● Exercise details: Apart from the pictures, every line below is to be set down exactly.
Records for processing below:
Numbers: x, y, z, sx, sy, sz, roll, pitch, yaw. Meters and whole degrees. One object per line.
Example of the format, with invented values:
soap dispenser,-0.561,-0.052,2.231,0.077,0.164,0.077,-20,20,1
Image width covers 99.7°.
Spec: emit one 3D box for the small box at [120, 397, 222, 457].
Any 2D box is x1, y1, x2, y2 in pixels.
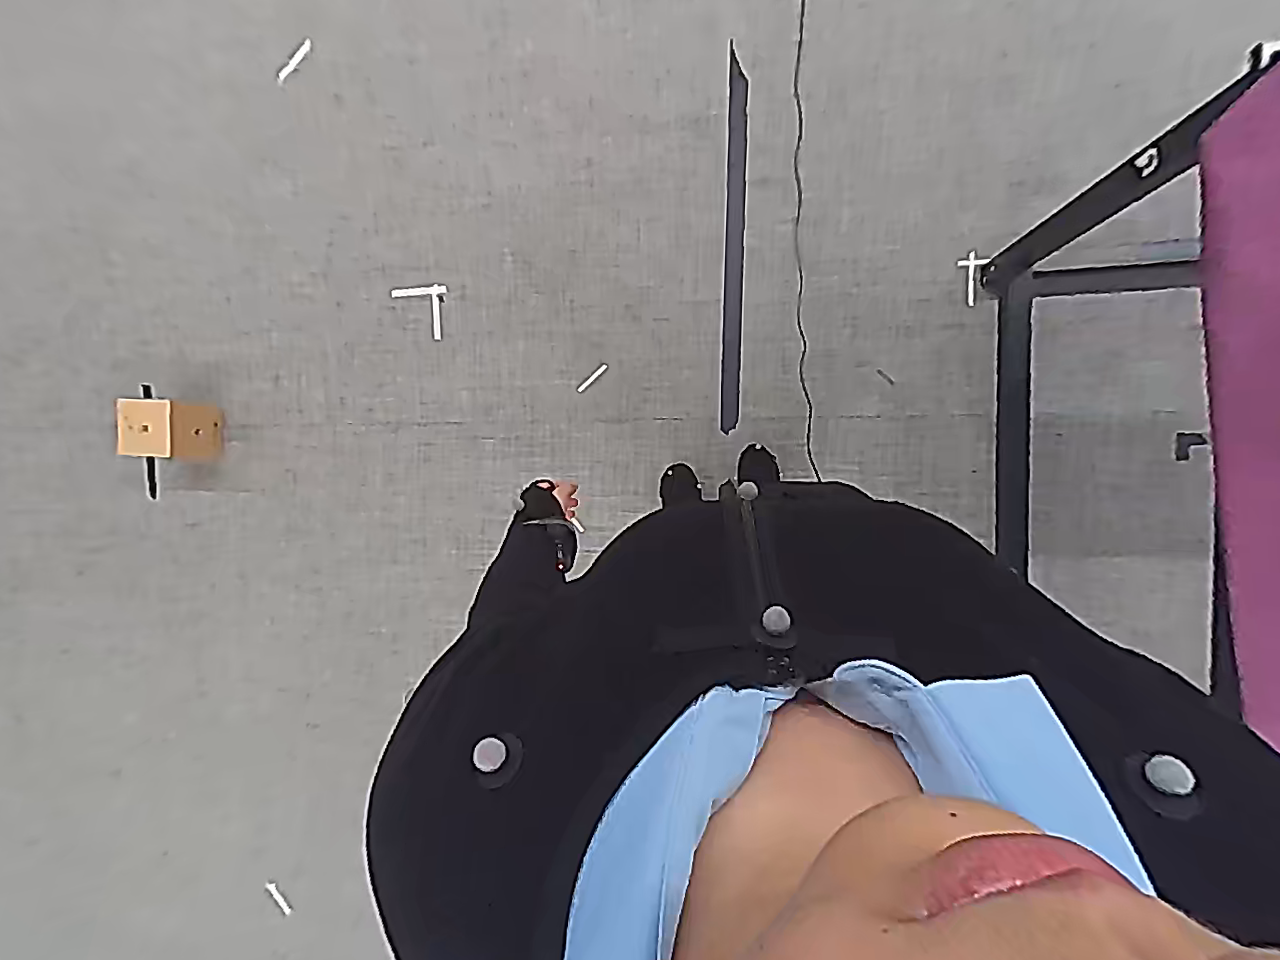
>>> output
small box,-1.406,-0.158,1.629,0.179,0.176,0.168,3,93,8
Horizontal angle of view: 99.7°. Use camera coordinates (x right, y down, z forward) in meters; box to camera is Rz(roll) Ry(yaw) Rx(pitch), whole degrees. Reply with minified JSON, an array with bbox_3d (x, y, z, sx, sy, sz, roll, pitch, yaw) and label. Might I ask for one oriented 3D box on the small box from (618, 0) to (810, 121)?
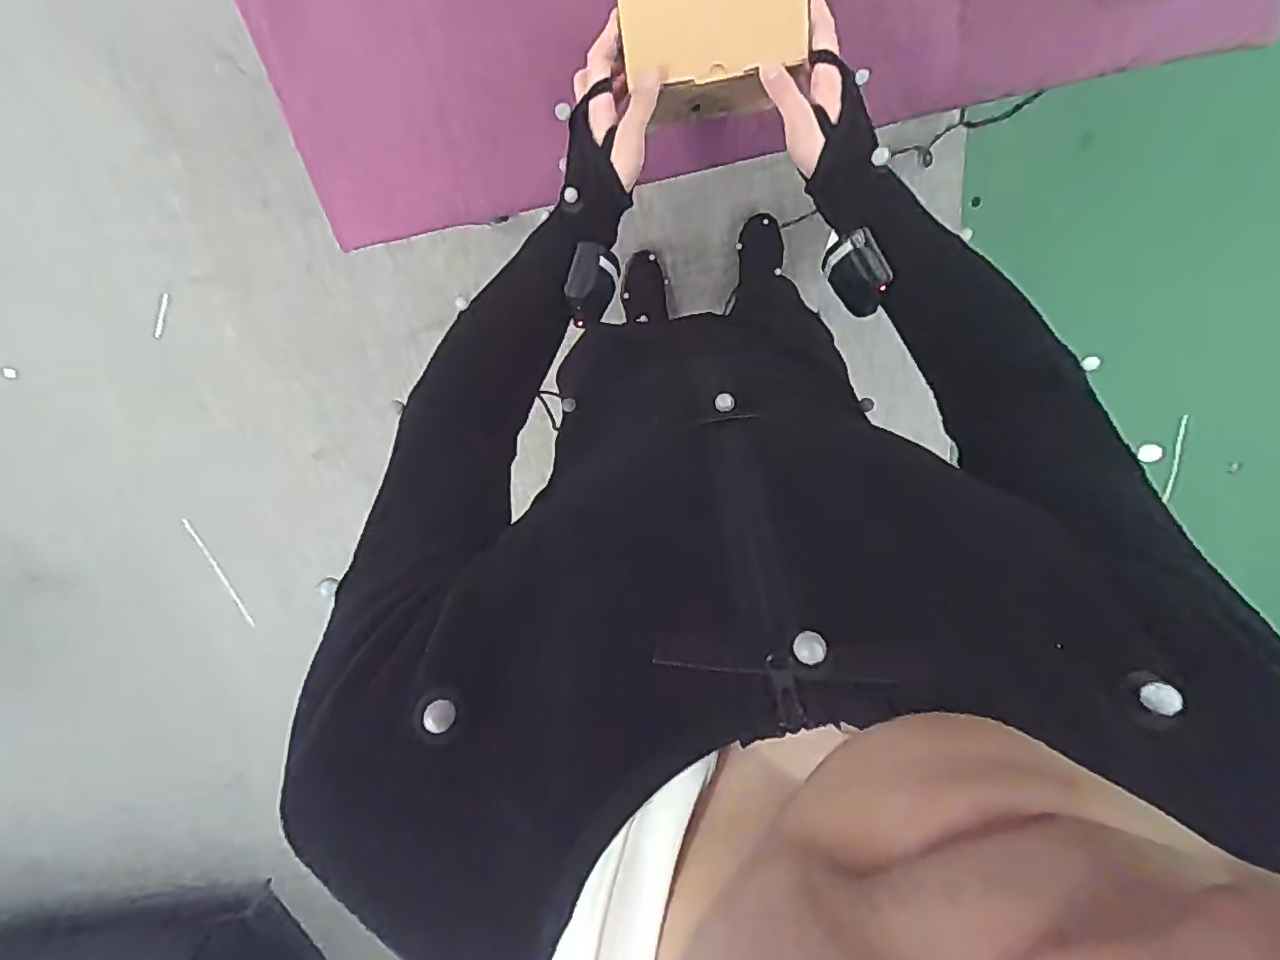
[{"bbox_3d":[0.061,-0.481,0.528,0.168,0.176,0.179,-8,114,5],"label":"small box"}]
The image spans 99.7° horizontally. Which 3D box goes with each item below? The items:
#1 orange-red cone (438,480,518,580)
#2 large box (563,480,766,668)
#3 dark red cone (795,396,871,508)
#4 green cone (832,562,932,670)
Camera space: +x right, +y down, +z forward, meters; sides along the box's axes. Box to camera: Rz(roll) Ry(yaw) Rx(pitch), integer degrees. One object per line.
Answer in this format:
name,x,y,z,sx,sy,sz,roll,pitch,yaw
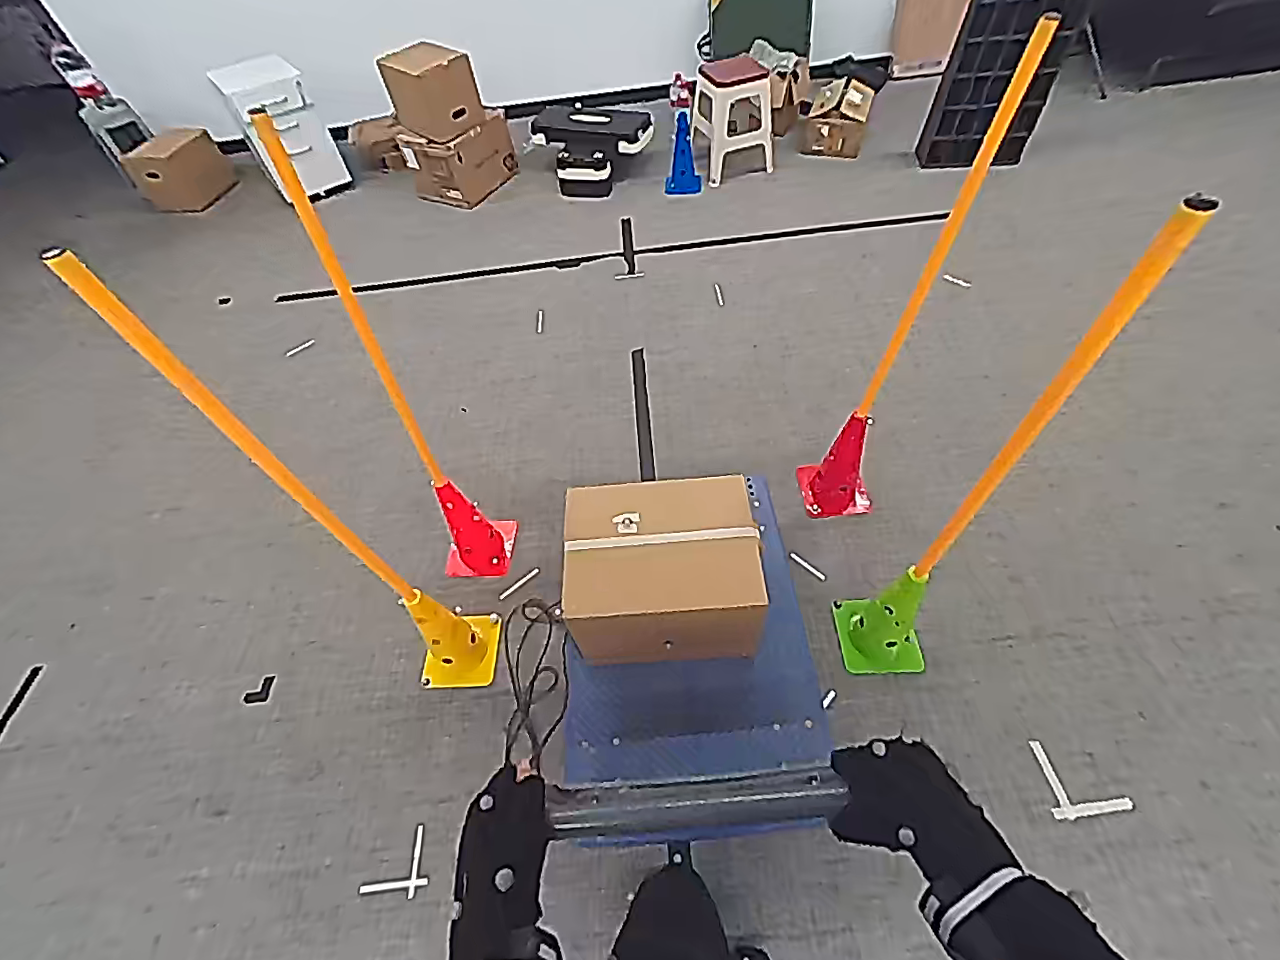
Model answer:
End of Records for processing.
● Result of this exercise:
Numbers: x, y, z, sx, sy, sz, roll, pitch, yaw. Meters and whole degrees. One object per line.
Example of the format, with invented values:
soap dispenser,-0.561,-0.052,2.231,0.077,0.164,0.077,-20,20,1
Image width covers 99.7°.
Spec: emit one 3D box for the small box at [120, 397, 222, 457].
Any 2D box is x1, y1, x2, y2 in pixels.
>>> output
small box,-1.406,-0.158,1.629,0.179,0.176,0.168,3,93,8
Horizontal angle of view: 99.7°. Use camera coordinates (x right, y down, z forward) in meters; box to camera is Rz(roll) Ry(yaw) Rx(pitch), whole degrees. Reply with minified JSON, an array with bbox_3d (x, y, z, sx, sy, sz, roll, pitch, yaw) and label. Might I ask for one oriented 3D box on the small box from (618, 0) to (810, 121)?
[{"bbox_3d":[0.061,-0.481,0.528,0.168,0.176,0.179,-8,114,5],"label":"small box"}]
The image spans 99.7° horizontally. Which 3D box goes with each item below? The items:
#1 orange-red cone (438,480,518,580)
#2 large box (563,480,766,668)
#3 dark red cone (795,396,871,508)
#4 green cone (832,562,932,670)
Camera space: +x right, +y down, +z forward, meters; sides along the box's axes. Box to camera: Rz(roll) Ry(yaw) Rx(pitch), integer degrees. One object per line.
Answer in this format:
name,x,y,z,sx,sy,sz,roll,pitch,yaw
Model answer:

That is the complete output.